**What you need to do**
Search the records for the word "voorkomen" and copy every line in which it occurs.

**Data shown**
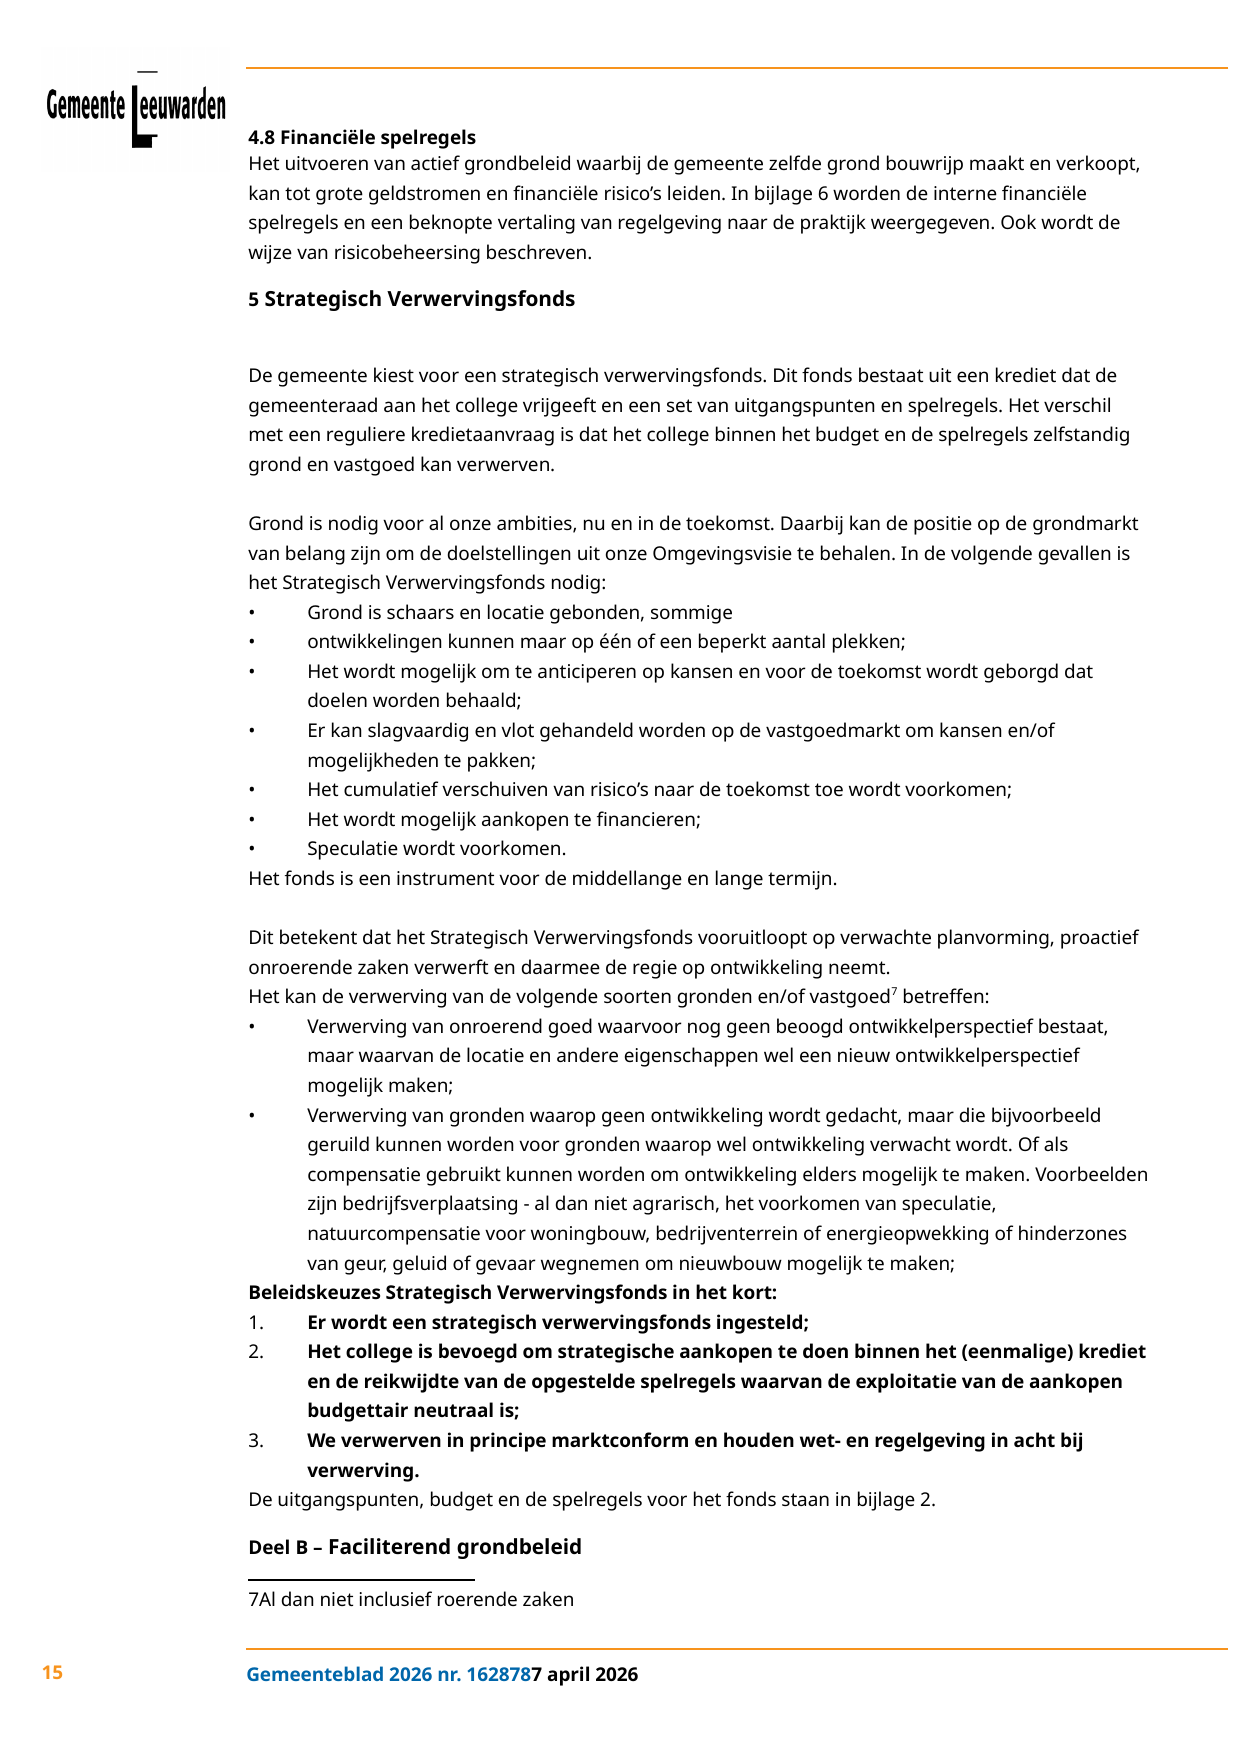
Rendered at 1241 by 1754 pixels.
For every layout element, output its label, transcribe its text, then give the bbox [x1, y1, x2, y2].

list Speculatie wordt voorkomen. [248, 836, 1152, 861]
list Grond is schaars en locatie gebonden, sommige [248, 599, 1152, 624]
list Verwerving van onroerend goed waarvoor nog geen beoogd ontwikkelperspectief bestaat, maar waarvan de locatie en andere eigenschappen wel een nieuw ontwikkelperspectief mogelijk maken; [248, 1013, 1152, 1098]
text Grond is nodig voor al onze ambities, nu en in de toekomst. Daarbij kan de positie op de grondmarkt van belang zijn om de doelstellingen uit onze Omgevingsvisie te behalen. In de volgende gevallen is het Strategisch Verwervingsfonds nodig: [248, 510, 1152, 595]
text Al dan niet inclusief roerende zaken [248, 1586, 1152, 1612]
list Het college is bevoegd om strategische aankopen te doen binnen het (eenmalige) krediet en de reikwijdte van de opgestelde spelregels waarvan de exploitatie van de aankopen budgettair neutraal is; [248, 1338, 1152, 1423]
text Deel B – Faciliterend grondbeleid [248, 1532, 1152, 1560]
picture [41, 47, 231, 172]
list ontwikkelingen kunnen maar op één of een beperkt aantal plekken; [248, 628, 1152, 654]
list Het wordt mogelijk aankopen te financieren; [248, 806, 1152, 832]
text Beleidskeuzes Strategisch Verwervingsfonds in het kort: [248, 1279, 1152, 1305]
list Het wordt mogelijk om te anticiperen op kansen en voor de toekomst wordt geborgd dat doelen worden behaald; [248, 658, 1152, 713]
list We verwerven in principe marktconform en houden wet- en regelgeving in acht bij verwerving. [248, 1427, 1152, 1482]
text De gemeente kiest voor een strategisch verwervingsfonds. Dit fonds bestaat uit een krediet dat de gemeenteraad aan het college vrijgeeft en een set van uitgangspunten en spelregels. Het verschil met een reguliere kredietaanvraag is dat het college binnen het budget en de spelregels zelfstandig grond en vastgoed kan verwerven. [248, 362, 1152, 477]
text 5 Strategisch Verwervingsfonds [248, 284, 1152, 313]
list Het cumulatief verschuiven van risico’s naar de toekomst toe wordt voorkomen; [248, 776, 1152, 802]
text Het fonds is een instrument voor de middellange en lange termijn. [248, 865, 1152, 891]
list Verwerving van gronden waarop geen ontwikkeling wordt gedacht, maar die bijvoorbeeld geruild kunnen worden voor gronden waarop wel ontwikkeling verwacht wordt. Of als compensatie gebruikt kunnen worden om ontwikkeling elders mogelijk te maken. Voorbeelden zijn bedrijfsverplaatsing - al dan niet agrarisch, het voorkomen van speculatie, natuurcompensatie voor woningbouw, bedrijventerrein of energieopwekking of hinderzones van geur, geluid of gevaar wegnemen om nieuwbouw mogelijk te maken; [248, 1102, 1152, 1275]
list Er kan slagvaardig en vlot gehandeld worden op de vastgoedmarkt om kansen en/of mogelijkheden te pakken; [248, 717, 1152, 772]
text De uitgangspunten, budget en de spelregels voor het fonds staan in bijlage 2. [248, 1486, 1152, 1512]
text Dit betekent dat het Strategisch Verwervingsfonds vooruitloopt op verwachte planvorming, proactief onroerende zaken verwerft en daarmee de regie op ontwikkeling neemt. [248, 924, 1152, 979]
list Er wordt een strategisch verwervingsfonds ingesteld; [248, 1309, 1152, 1334]
text 4.8 Financiële spelregels [248, 124, 1152, 150]
text Het uitvoeren van actief grondbeleid waarbij de gemeente zelfde grond bouwrijp maakt en verkoopt, kan tot grote geldstromen en financiële risico’s leiden. In bijlage 6 worden de interne financiële spelregels en een beknopte vertaling van regelgeving naar de praktijk weergegeven. Ook wordt de wijze van risicobeheersing beschreven. [248, 150, 1152, 264]
text Het kan de verwerving van de volgende soorten gronden en/of vastgoed betreffen: [248, 983, 1152, 1009]

**Answer**
list Speculatie wordt voorkomen. [248, 836, 1152, 861]
list Het cumulatief verschuiven van risico’s naar de toekomst toe wordt voorkomen; [248, 776, 1152, 802]
list Verwerving van gronden waarop geen ontwikkeling wordt gedacht, maar die bijvoorbeeld geruild kunnen worden voor gronden waarop wel ontwikkeling verwacht wordt. Of als compensatie gebruikt kunnen worden om ontwikkeling elders mogelijk te maken. Voorbeelden zijn bedrijfsverplaatsing - al dan niet agrarisch, het voorkomen van speculatie, natuurcompensatie voor woningbouw, bedrijventerrein of energieopwekking of hinderzones van geur, geluid of gevaar wegnemen om nieuwbouw mogelijk te maken; [248, 1102, 1152, 1275]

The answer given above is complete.